I also gave her some Aboriginal artefacts. In exchange for getting our Country back, I offered these ‘trinkets and beads’. I said, ‘Here you can have this, now give our Country back.’ I was half-joking, but she kept a straight face!

18 years after I spoke to the queen, the Tasmanian parliament passed land rights legislation. We would never have gotten that legislation had the Queen not met with me as a representative.

There was nothing special about me, it was the fact that she met an Aboriginal representative. That was a turning point in the refusal of her ministers to talk about justice for Aboriginal people.
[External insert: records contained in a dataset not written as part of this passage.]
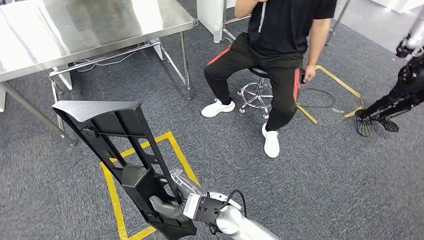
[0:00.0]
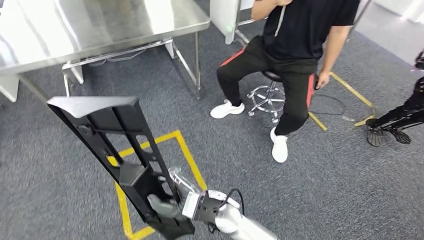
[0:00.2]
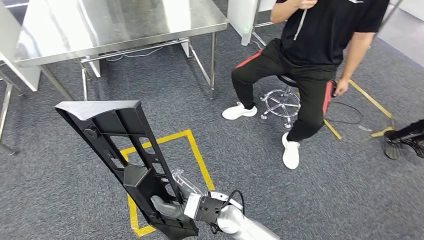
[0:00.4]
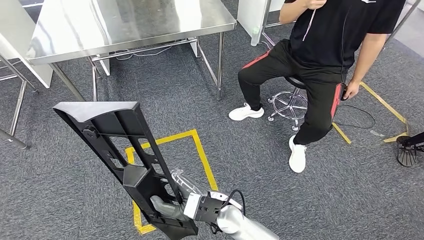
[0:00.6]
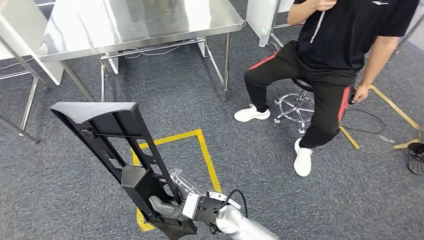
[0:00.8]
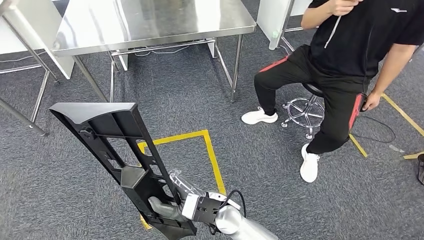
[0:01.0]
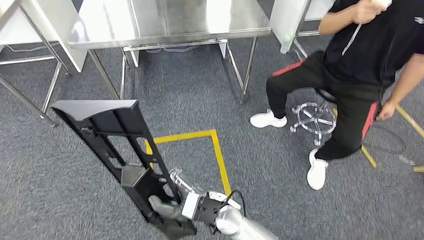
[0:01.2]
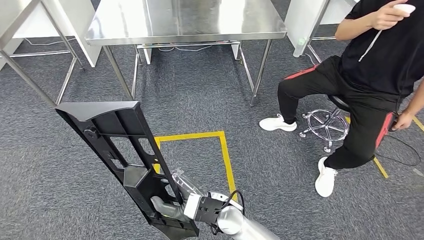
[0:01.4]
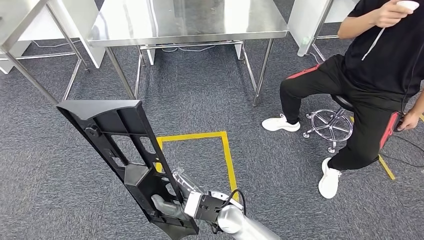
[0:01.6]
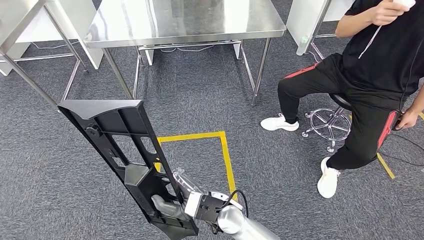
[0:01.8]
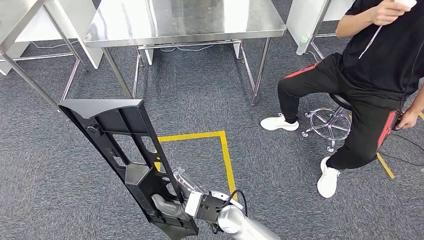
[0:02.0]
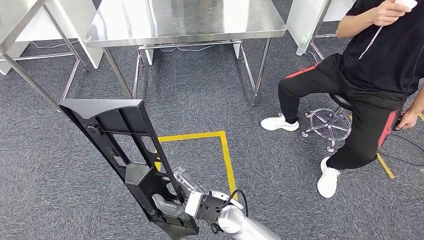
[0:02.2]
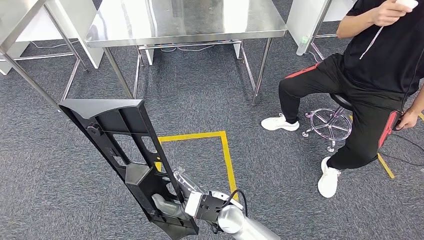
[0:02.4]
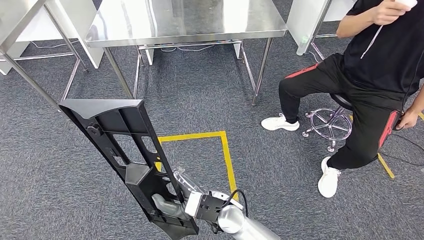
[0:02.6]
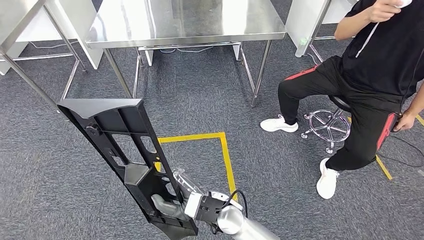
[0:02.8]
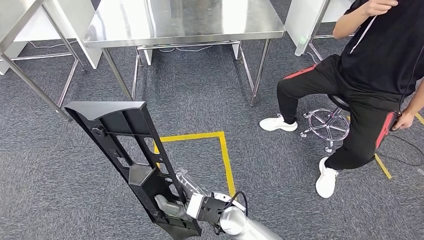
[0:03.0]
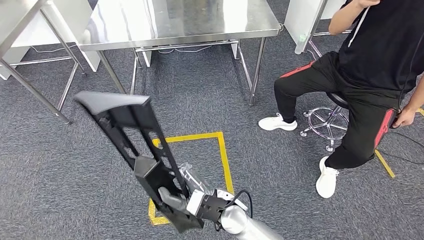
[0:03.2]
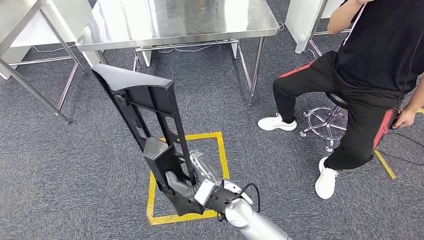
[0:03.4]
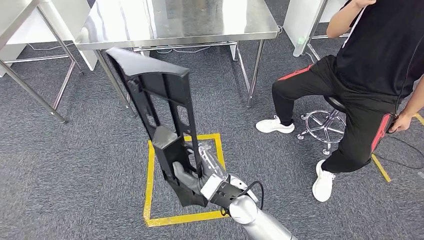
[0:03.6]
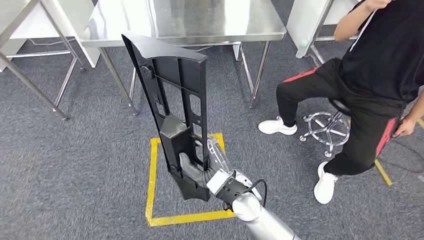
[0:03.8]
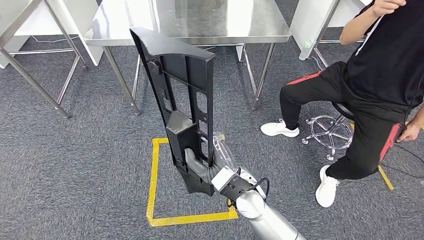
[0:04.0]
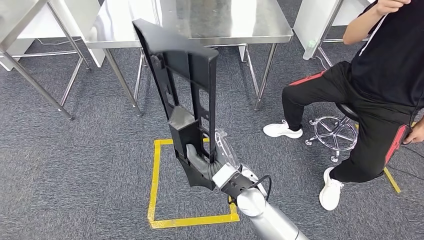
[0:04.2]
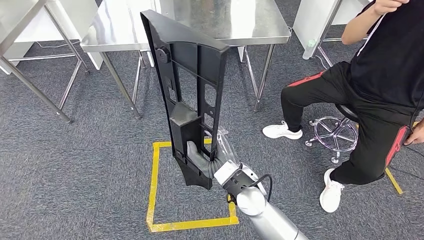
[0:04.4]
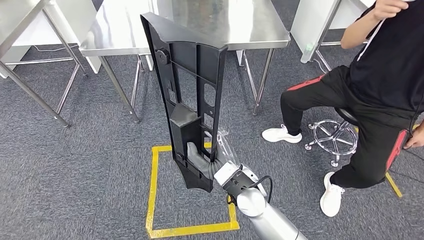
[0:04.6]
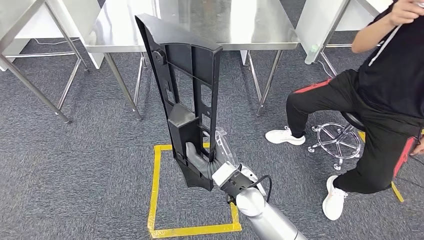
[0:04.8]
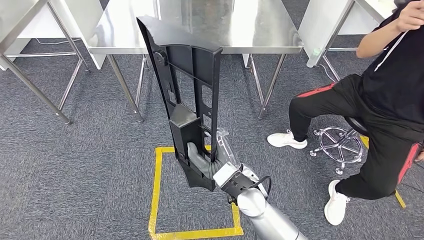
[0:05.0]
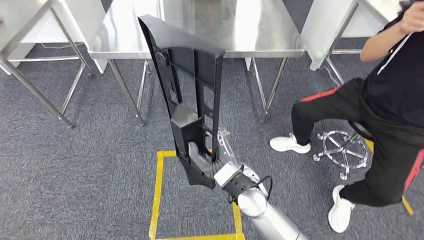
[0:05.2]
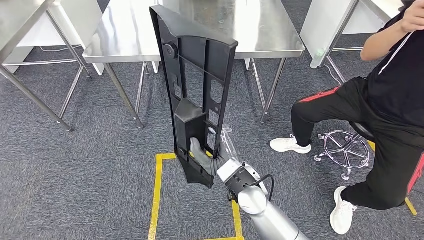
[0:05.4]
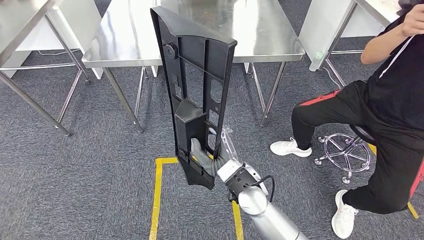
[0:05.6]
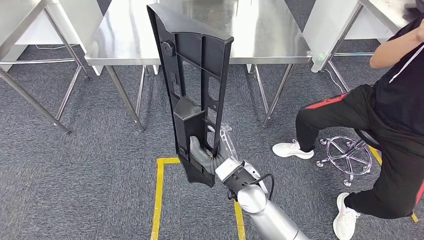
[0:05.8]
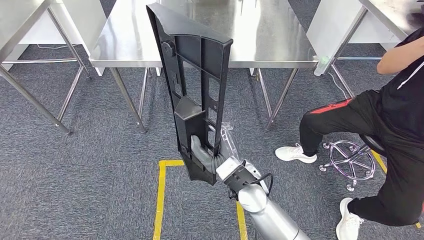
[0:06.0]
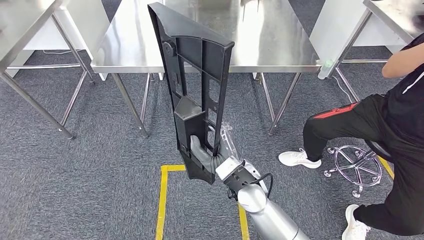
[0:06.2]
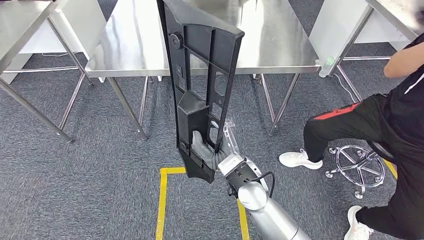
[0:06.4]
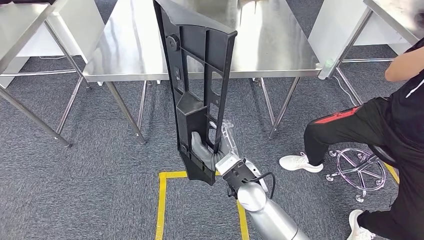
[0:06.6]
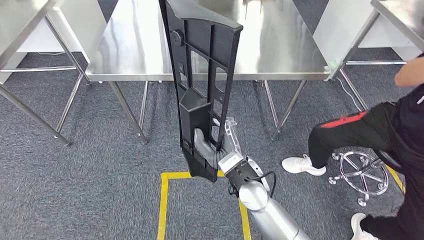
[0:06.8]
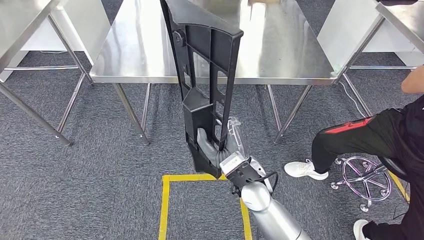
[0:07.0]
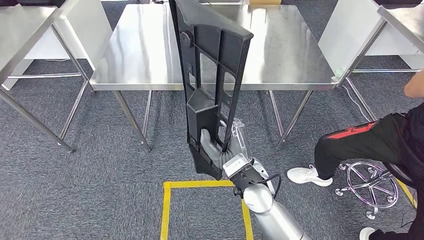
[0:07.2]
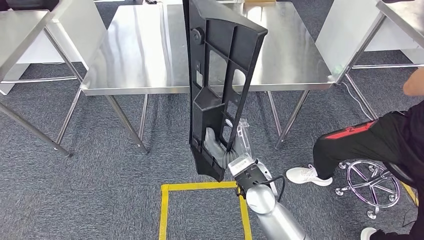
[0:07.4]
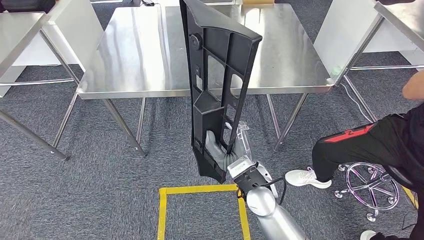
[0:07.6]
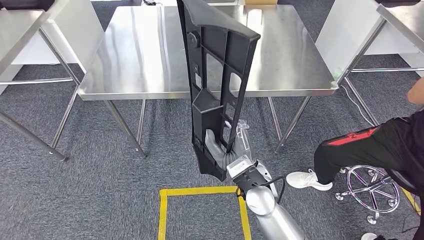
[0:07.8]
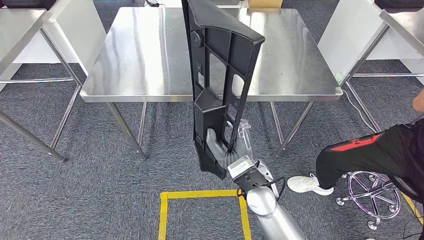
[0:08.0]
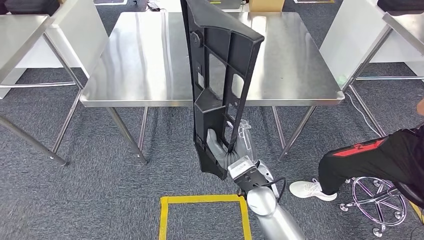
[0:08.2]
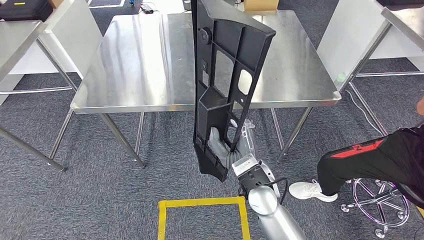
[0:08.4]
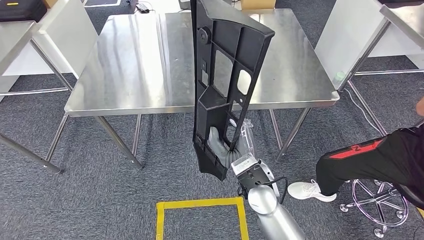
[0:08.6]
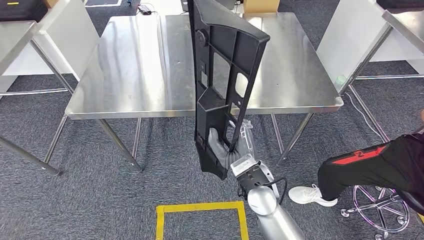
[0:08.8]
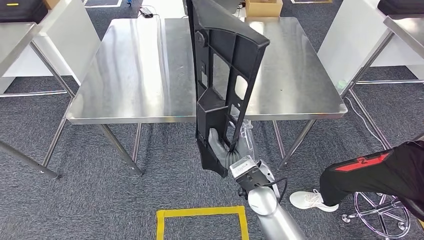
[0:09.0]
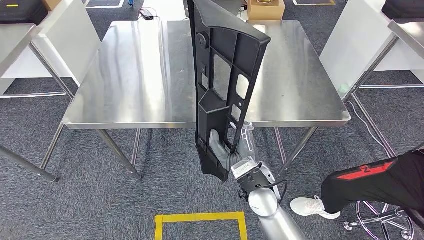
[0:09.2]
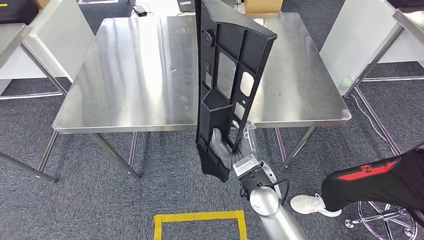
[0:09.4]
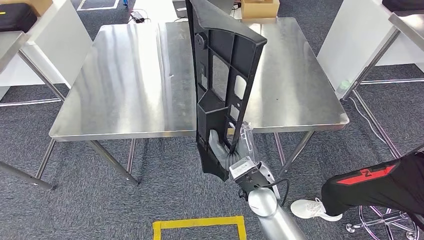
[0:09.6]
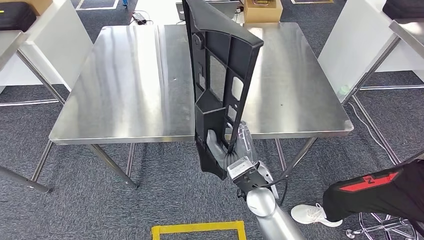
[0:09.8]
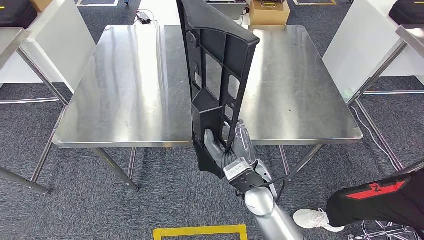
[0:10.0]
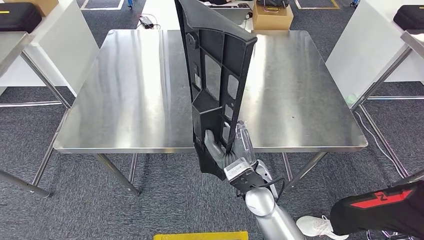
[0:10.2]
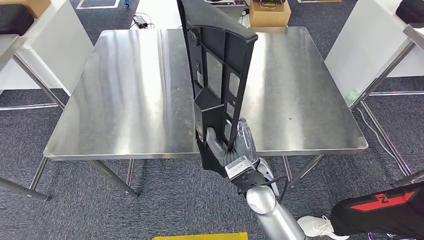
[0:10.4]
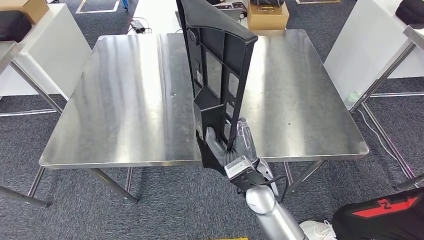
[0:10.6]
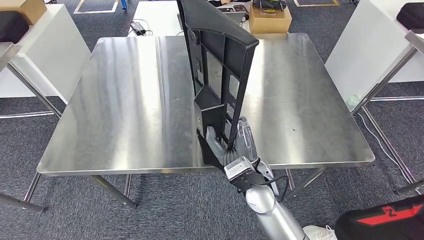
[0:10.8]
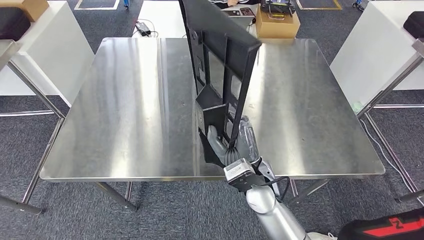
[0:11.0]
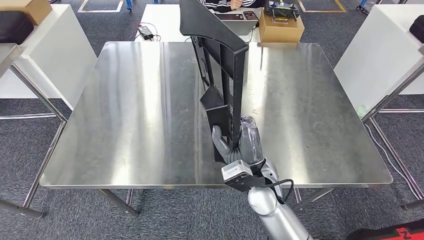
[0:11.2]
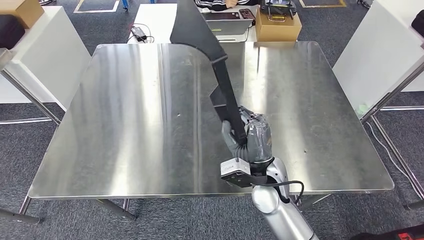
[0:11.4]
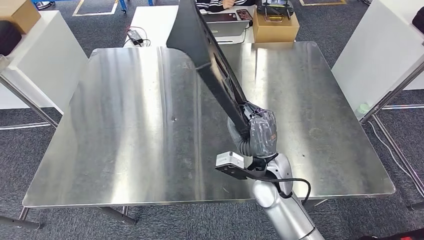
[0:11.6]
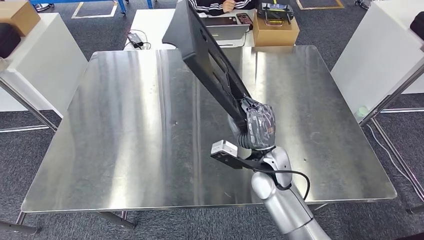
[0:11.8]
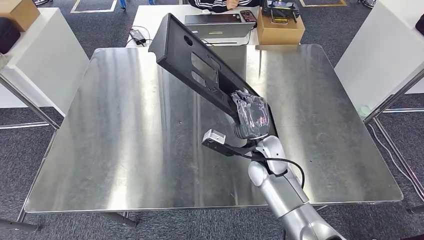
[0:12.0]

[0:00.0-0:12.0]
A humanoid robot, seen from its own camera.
Step, 0:00.0 to 0:08.4: Move the large material to the workbench.
0:01.6 to 0:03.0: The two hands keep their place.

They couldn’t ignore it anymore, once it had been raised with the Queen.

Mr Speaker, we can recommit to not turning away from past and present injustices, and we can mourn the passing of a mighty woman and leader of her people.
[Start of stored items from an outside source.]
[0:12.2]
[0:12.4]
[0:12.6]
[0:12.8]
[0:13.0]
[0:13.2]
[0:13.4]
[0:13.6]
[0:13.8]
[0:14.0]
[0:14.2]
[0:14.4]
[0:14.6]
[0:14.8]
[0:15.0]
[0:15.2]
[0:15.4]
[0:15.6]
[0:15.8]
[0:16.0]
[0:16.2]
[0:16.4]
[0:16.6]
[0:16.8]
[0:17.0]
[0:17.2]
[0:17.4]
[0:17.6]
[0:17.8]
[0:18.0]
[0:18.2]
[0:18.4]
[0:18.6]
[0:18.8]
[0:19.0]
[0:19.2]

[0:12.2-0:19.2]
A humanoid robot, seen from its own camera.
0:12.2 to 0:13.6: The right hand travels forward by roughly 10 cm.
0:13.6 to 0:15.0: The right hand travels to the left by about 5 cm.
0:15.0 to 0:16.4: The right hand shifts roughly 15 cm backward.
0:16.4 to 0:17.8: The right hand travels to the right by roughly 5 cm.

We can be grateful for Her Majesty’s great love of Nature and her lasting legacy of the Queen’s Canopy, a vast forest network set aside in her name across the Commonwealth nations.
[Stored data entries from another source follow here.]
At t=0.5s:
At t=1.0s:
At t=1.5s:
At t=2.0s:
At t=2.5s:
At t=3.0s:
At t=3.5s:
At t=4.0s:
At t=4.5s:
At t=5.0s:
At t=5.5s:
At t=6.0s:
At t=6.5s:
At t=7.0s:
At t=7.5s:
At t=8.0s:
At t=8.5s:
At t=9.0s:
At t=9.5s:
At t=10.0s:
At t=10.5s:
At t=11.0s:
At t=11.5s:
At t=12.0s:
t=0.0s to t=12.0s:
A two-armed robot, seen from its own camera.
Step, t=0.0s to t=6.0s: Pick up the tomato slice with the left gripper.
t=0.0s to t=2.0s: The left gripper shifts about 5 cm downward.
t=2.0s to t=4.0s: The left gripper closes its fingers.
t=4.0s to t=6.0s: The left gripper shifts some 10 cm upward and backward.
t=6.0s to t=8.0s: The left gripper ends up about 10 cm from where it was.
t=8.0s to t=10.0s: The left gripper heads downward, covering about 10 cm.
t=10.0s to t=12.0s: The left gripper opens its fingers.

Sadly, due to the ideological stubborness of the current government, I regret to inform Her Majesty’s family, no contribution was made by the State to the Queen’s Canopy, and the heedless logging of our forests continues.

But, Mr Speaker, I digress.

Today we recognise the stability Queen Elizabeth II brought to the role, the great strengths of her character and many of us give thanks for her resolute service over seven decades.

We can respectfully mark the monarch’s passing and hold all these beliefs of her many qualities to be true, and at the same time, recognise there’s an opportunity here for us to make better amends and grow as a nation.

It’s always a good time to have a respectful conversation about who we are as a people and a country.

The Leader of His Majesty’s federal opposition, Peter Dutton, has told the newly crowned King Charles III, he should refrain from championing environmental causes in his new role.

I trust King Charles will ignore Mr Dutton as we do.

It is well known, King Charles III – who grew up roaming the meadows and wild corners of Balmoral in Scotland – is a passionate advocate for Nature and a safe climate.

Indeed, from his earliest days in a speech he gave in 1970, His Highness hasn’t held back.

Then he said, “We are faced at the moment with the horrifying effects of pollution in all its forms.  There is the growing menace of oil pollution at sea .. there is chemical pollution discharged into rivers from factories and chemical plants … there is air pollution from smoke and fumes discharged by factories and from gases pumped out by endless cars and aeroplanes.”

The new King was ridiculed in some circles for his prescient pleas, but he was a man ahead of his times.

More recently, Prince Charles named up the “international association of corporate lobbyists … who are responsible for a dying planet.”

On the day of the Queen’s death, September 8, climate scientists release a horrifying new report confirming the climate crisis has hurtled the world to the brink of multiple disastrous tipping points, five of which we may have already passed.

It barely rated a blip in the media.

Climate news too rarely does, but it didn’t stand a chance against the floor to ceiling coverage of the Queen’s death.

Just imagine if our leaders and the mainstream media that increasingly serves them dedicated the same amount of time and resources to climate science and action as they did to the death of an English monarch.

Even just for a week, imagine the difference it would make to our shared understanding and sense of being in this unfolding disaster together.

So, dear King Charles, thank you for your tireless and focused work as a champion of Nature and a liveable future. Thank you.

Please, please keep it up.

May your reign be peaceful, your judgment wise and empathetic, and may you always, always speak freely for the planet we all share; royals, commoners, oppressed and free people alike.

Vale Her Majesty, Queen Elizabeth the Second, and long live the King.